Each match includes similarity scores so users can inspect alternative candidates and resolve ambiguous cases.

Value Matching

After attributes/columns are matched, value matching aligns the values inside those attributes/columns. For example:

  • "Male""M"

  • "Stage II""2"

BDI-Kit supports multiple value matching strategies, including textual similarity, embedding-based methods, and numeric transformations.

Match Assessment

BDI-Kit also provides tools to assess and explain matches. These explanations help users understand why a match was proposed and identify potentially incorrect mappings before applying transformations.

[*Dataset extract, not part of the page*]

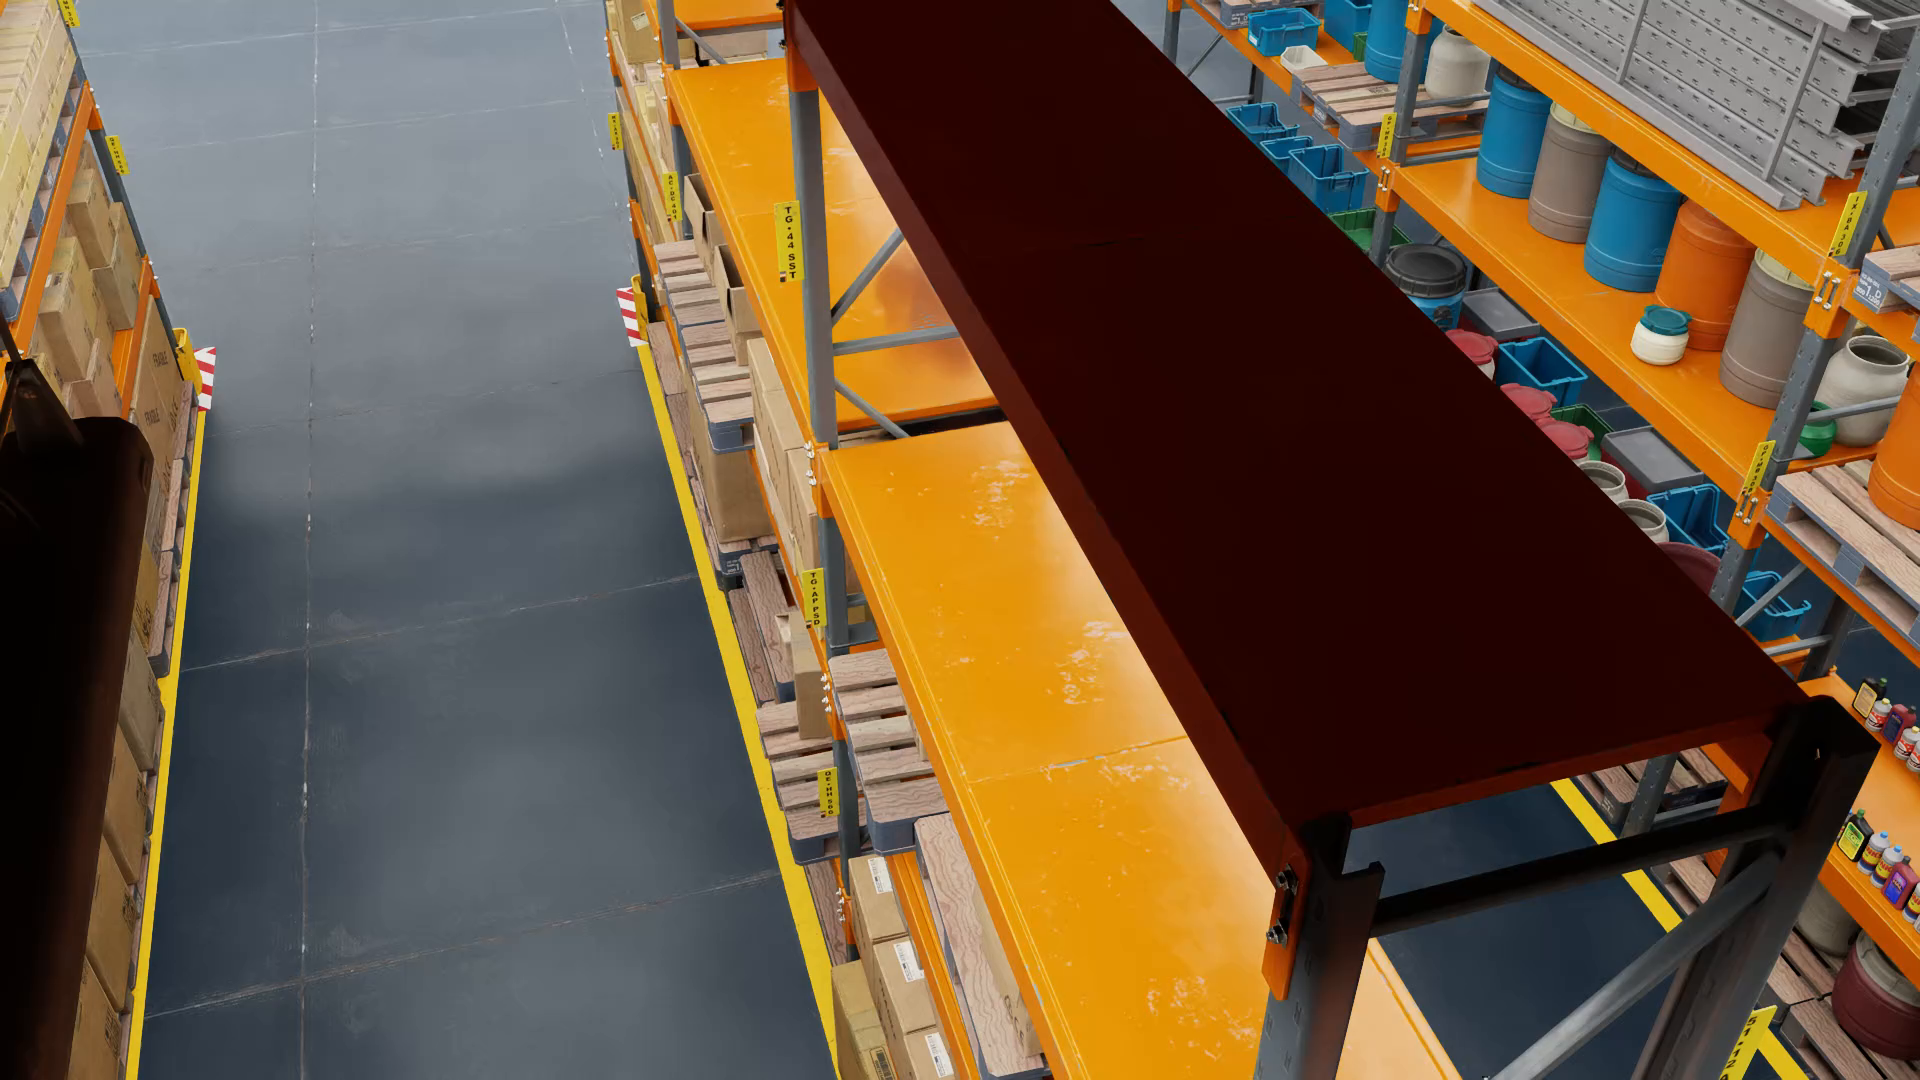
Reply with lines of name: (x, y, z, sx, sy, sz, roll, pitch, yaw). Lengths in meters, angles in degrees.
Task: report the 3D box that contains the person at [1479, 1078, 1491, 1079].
person: (2.246, 3.012, 7.232, 0.686, 1.754, 0.843, -14, 40, -17)

Harmonization Specification

The result of the harmonization process is:

  • A harmonized dataset

  • A harmonization specification

The harmonization specification stores the transformations and mappings used during harmonization, making the process transparent and reproducible. Specifications can also be reused on new datasets with similar schemas, reducing the need to repeat the same harmonization steps.

Interaction Options

BDI-Kit supports two ways of interacting with the system.

  • Python API: Users can directly call harmonization functions from Python and integrate them into data pipelines and notebooks.

  • AI-Assisted Interface: In this mode, AI assistants can help orchestrate harmonization tasks using natural language while users remain in control of accepting or refining suggestions.

Extensibility

BDI-Kit is designed to be extensible. Developers can:

  • Add new schema matching algorithms

  • Add new value matching methods

  • Support additional data models

  • Integrate BDI-Kit into external AI systems and workflows

This modular design allows the toolkit to evolve alongside new harmonization methods and domain requirements.